I made the few changes to the recipe as I said I would, and they still turned out very good. (Used 1 cup of white AP flour and 1/2 cup of whole wheat flour, and used reduced fat cream cheese for the frosting.)
I made the cupcakes and the frosting the morning of, stored the cupcakes in airtight containers after they cooled down, and stuck the frosting separately in the fridge all afternoon to make sure it would stay firmer.
Everyone loved them! Even those “beef-eating men.” 🙂 Thanks for the recipe!
Maryea says
So glad to hear it! Thanks for letting me know. 🙂
Katie says
These look and sound amazing!!
We are celebrating my little sister’s 16th birthday this weekend, and she has been trying really hard to lose weight so when she requested carrot cupcakes, I thought these would be the perfect fit for her to still have her birthday cake and eat it too.
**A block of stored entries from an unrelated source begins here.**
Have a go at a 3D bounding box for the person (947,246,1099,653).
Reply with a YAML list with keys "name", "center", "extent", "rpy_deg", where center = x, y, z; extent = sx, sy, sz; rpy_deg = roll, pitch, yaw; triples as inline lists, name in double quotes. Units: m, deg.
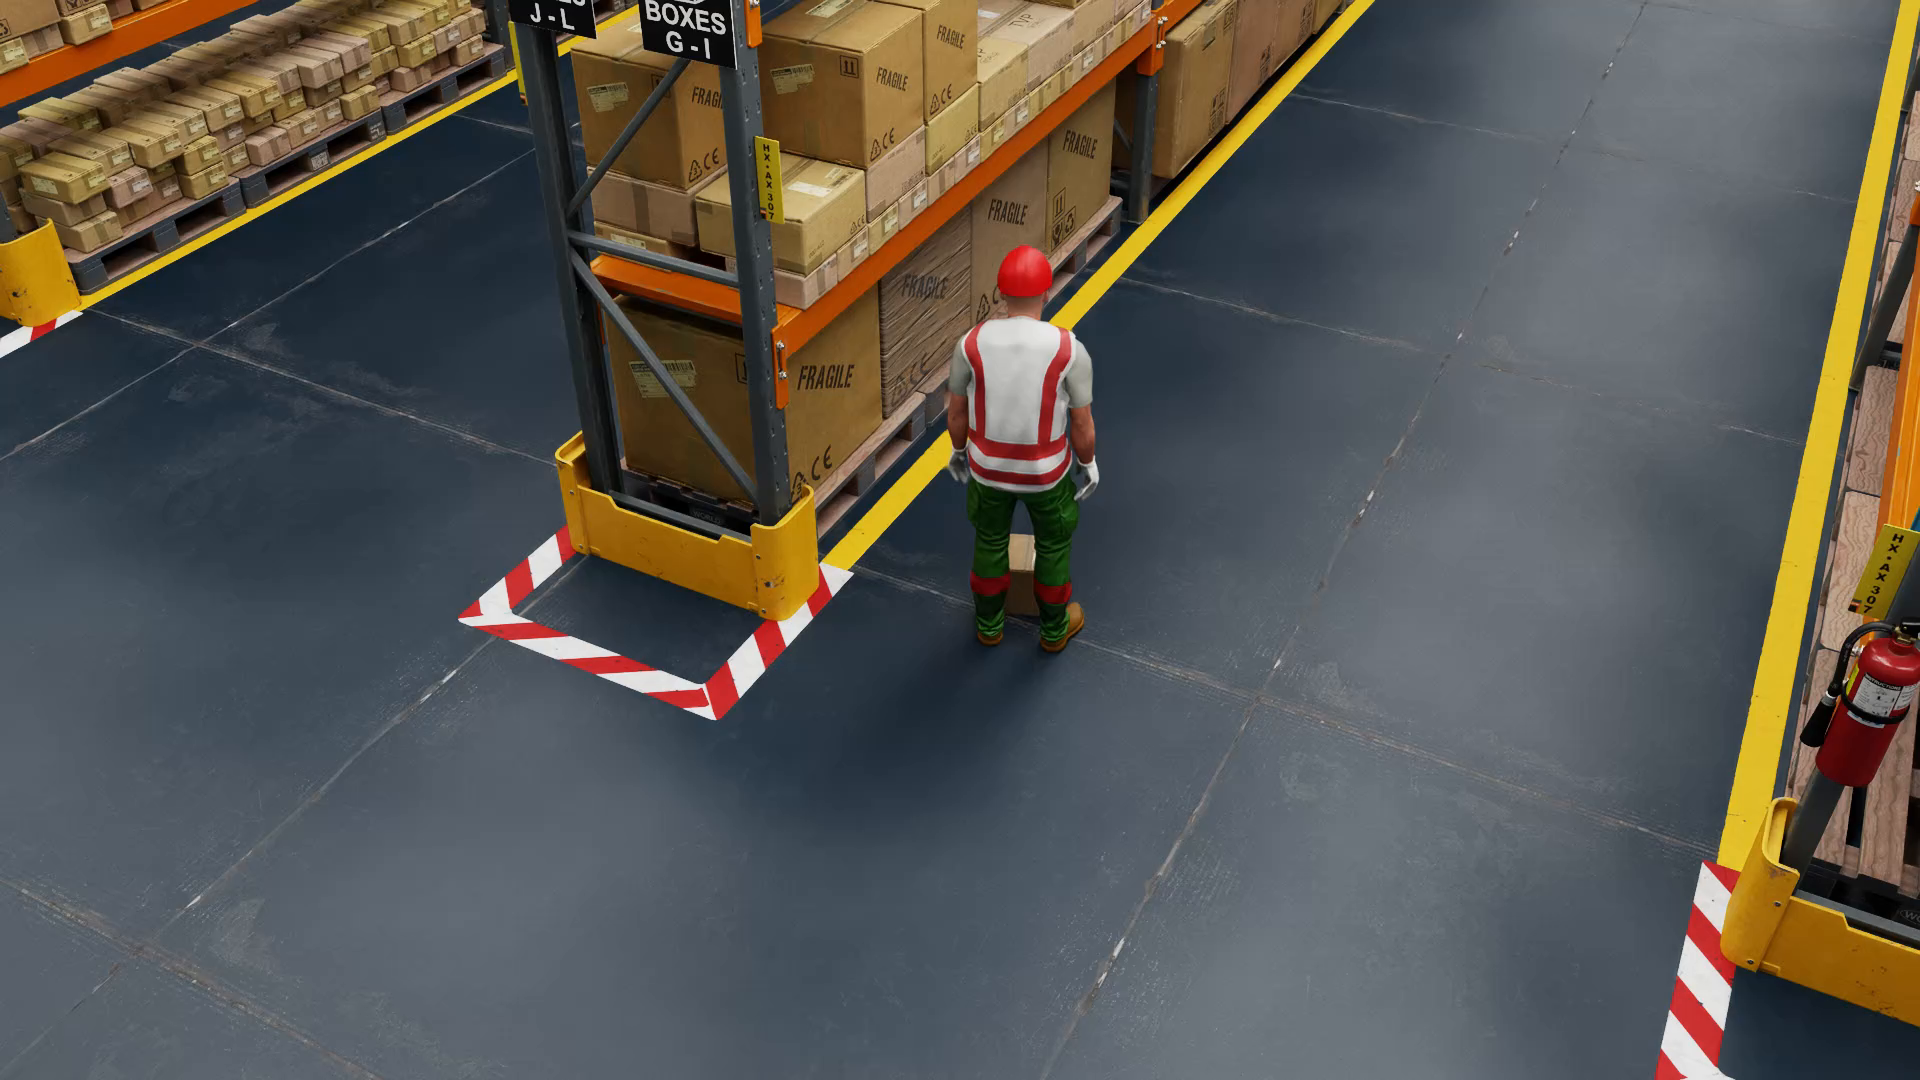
- name: "person"
  center: [0.249, -0.313, 6.547]
  extent: [0.604, 1.778, 0.453]
  rpy_deg: [8, 38, 10]

I am thinking about using the same amount of flour, but changing it to 1/2 cup of whole wheat flour and 1 cup of white all purpose flour, since we have a few “beef-eating men” in the family that won’t want it to taste TOO healthy. So I’ll try to be a little sneaky here and still have that “healthyish” factor.
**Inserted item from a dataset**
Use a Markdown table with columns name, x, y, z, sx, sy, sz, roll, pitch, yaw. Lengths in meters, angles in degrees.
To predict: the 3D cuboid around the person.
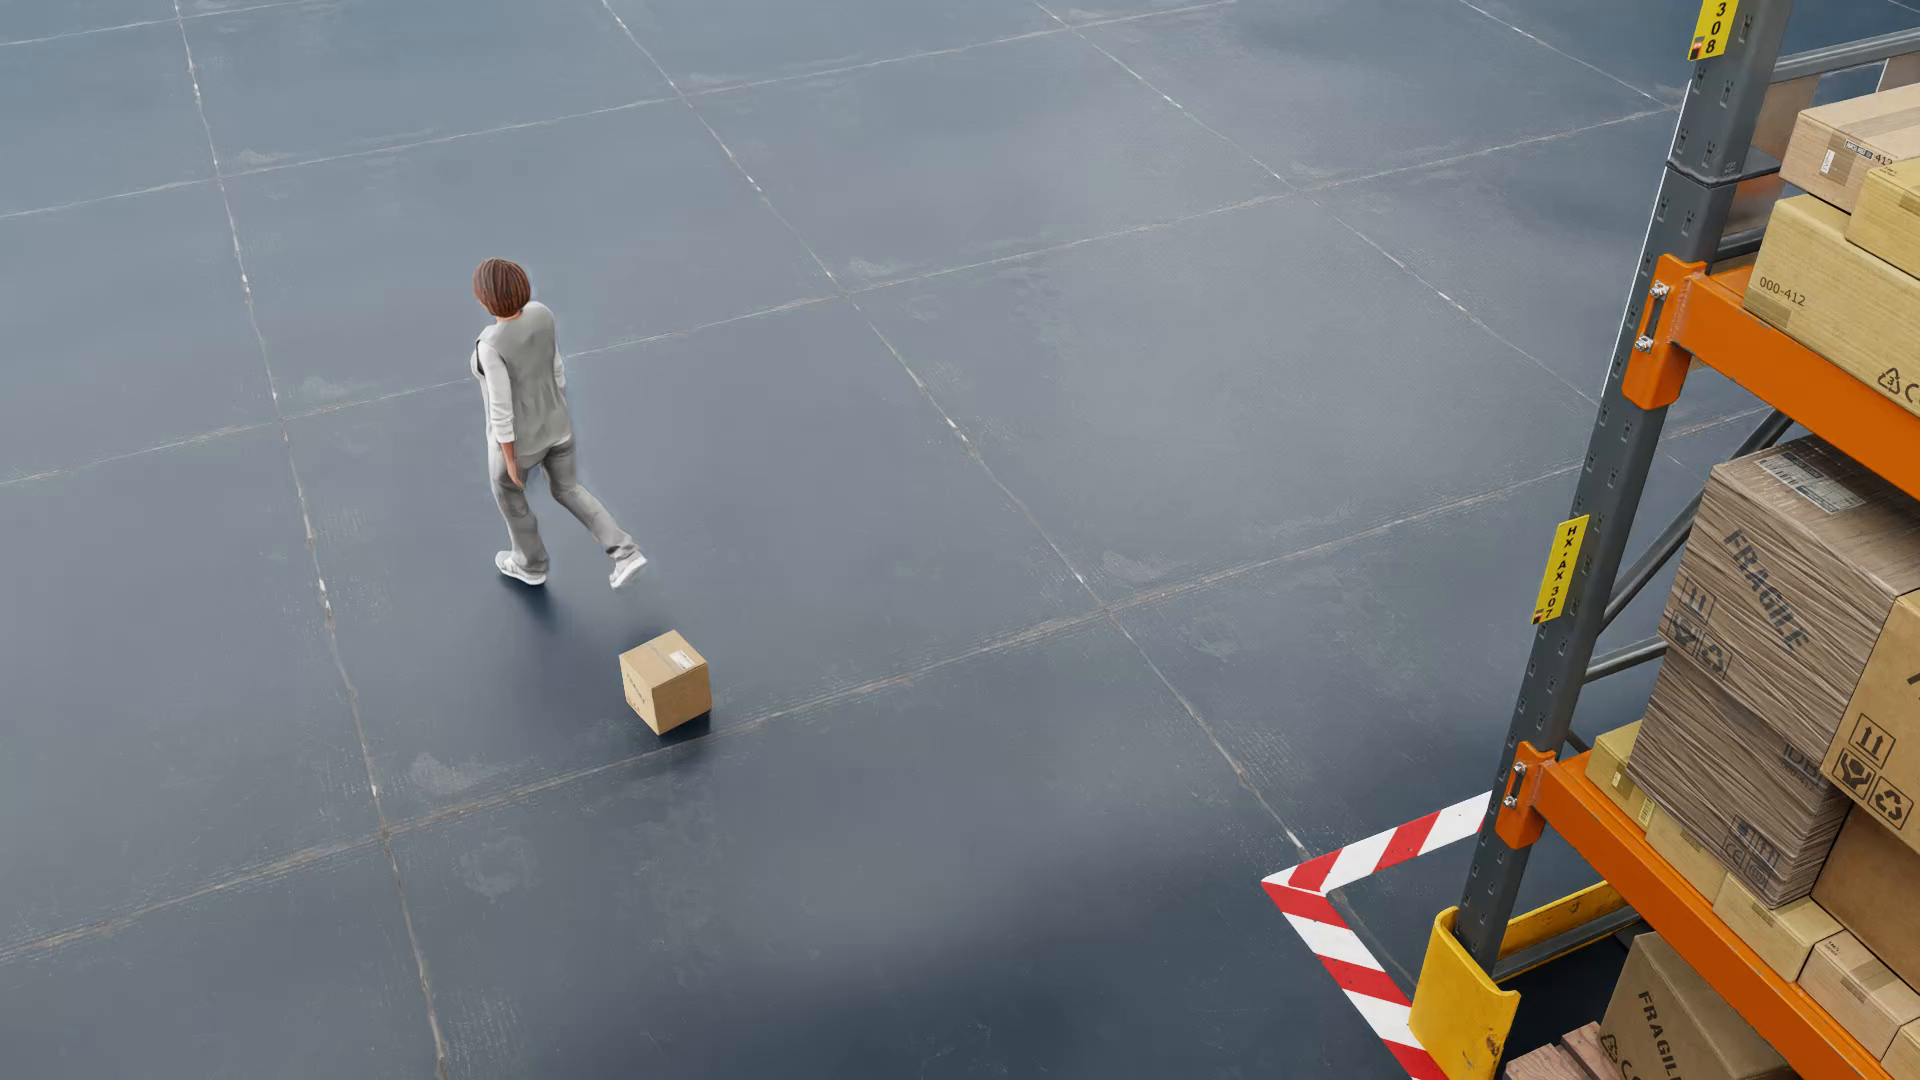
| name | x | y | z | sx | sy | sz | roll | pitch | yaw |
| --- | --- | --- | --- | --- | --- | --- | --- | --- | --- |
| person | -1.674 | -0.410 | 6.667 | 0.784 | 1.565 | 0.414 | 23 | 43 | 26 |

I also want to use 1/3 reduced fat cream cheese for the frosting, since that is what I have on hand. Hopefully the texture of the frosting doesn’t change too much.
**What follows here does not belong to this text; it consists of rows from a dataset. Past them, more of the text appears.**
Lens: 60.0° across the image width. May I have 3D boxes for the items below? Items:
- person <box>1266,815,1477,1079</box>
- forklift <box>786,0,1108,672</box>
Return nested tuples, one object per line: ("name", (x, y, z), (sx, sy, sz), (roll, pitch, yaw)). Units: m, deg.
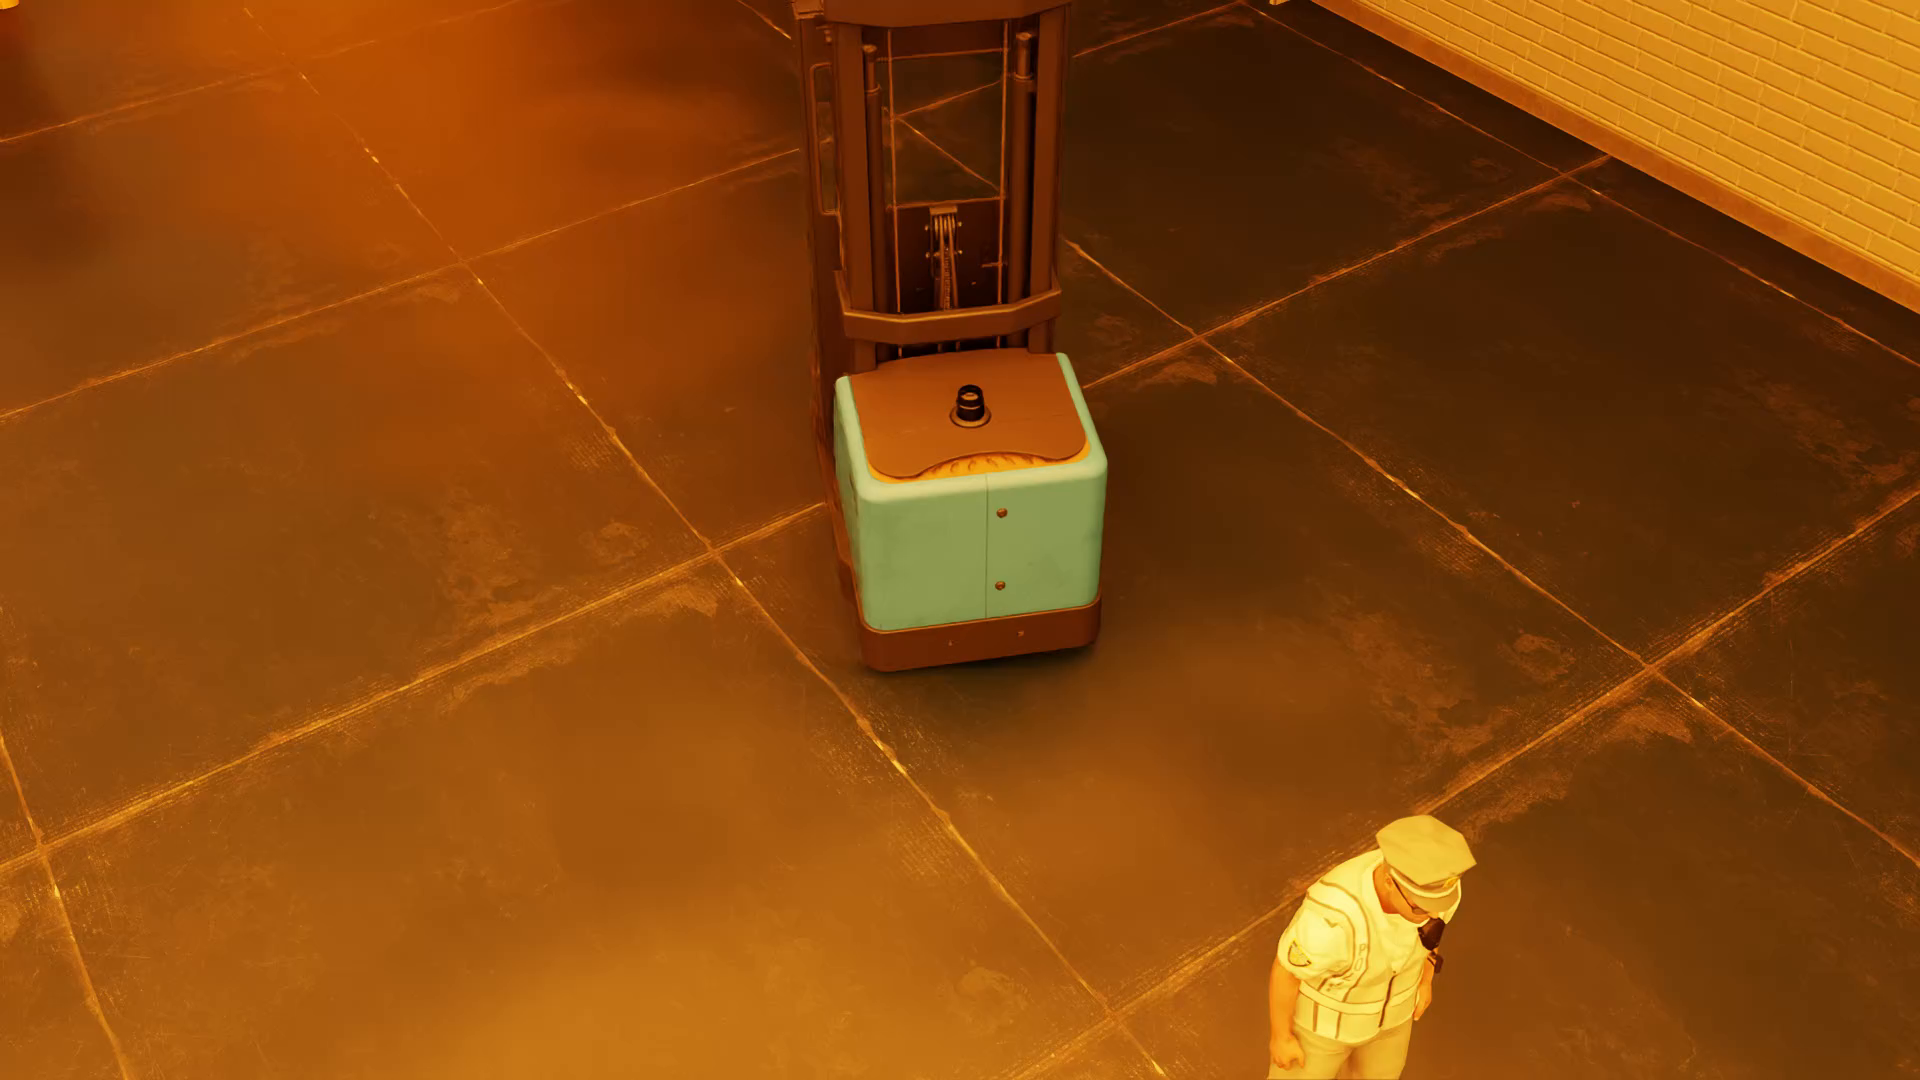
("person", (1.186, 1.404, 5.065), (0.588, 1.746, 0.441), (-15, 45, -16))
("forklift", (-0.156, -1.518, 7.363), (1.130, 2.935, 3.031), (-7, 43, -7))

I used on online calorie calculator, and these still came out to 179 calories each – frosting and all. That’s amazing! I’ll let you know how these turn out. Thanks for sharing!
Rilie Stewart says
Last Week was St. Patricks day, so my family decided they wanted carrot cupcakes with cream cheese frosting. I was going to use a classic carrot cake recipe that my family thinks is the best recipe ever, but…. Its made with one and a half cups oil, white flour, and TONS of sugar! The frosting has full fat cream cheese, tons of powdered sugar, and a bunch of butter.. I was annoyed because I was going to have to make these really unhealthy cupcakes that I would have to eat too. So I decided to do a sneak attack and find a healthier recipe for the cupcakes without telling anyone! I found this one and made them, and oh my gosh they thought I used the same recipe that I always use!!! I was so happy!! These were so moist and sweet, and I almost forgot they were healthy when I was eating my cupcake. Thanks so much for sharing this recipe!
Maryea says
I love that you didn’t tell them! This comment really made my night–thanks for letting me know you and your family enjoyed these. 🙂
Margaret says
Haven’t tried the cupcake part of the recipe but made the frosting. Simply Divine!!! I will use this as my main frosting recipe from now on. I even used it as a dip for apples….cant stop eating it.
Maryea says
Thanks for letting me know! 🙂
Julie says
Hi, I may have missed it, but I can’t find what the yield is for this recipe. 12 or 24? Thanks!
Whitney says
This is just what I have been looking for! I will be making these for my 2yo to take to school for her birthday. And you are right..there are TONS of recipes for carrot cake but most of them are very far from being healthy. Thank you!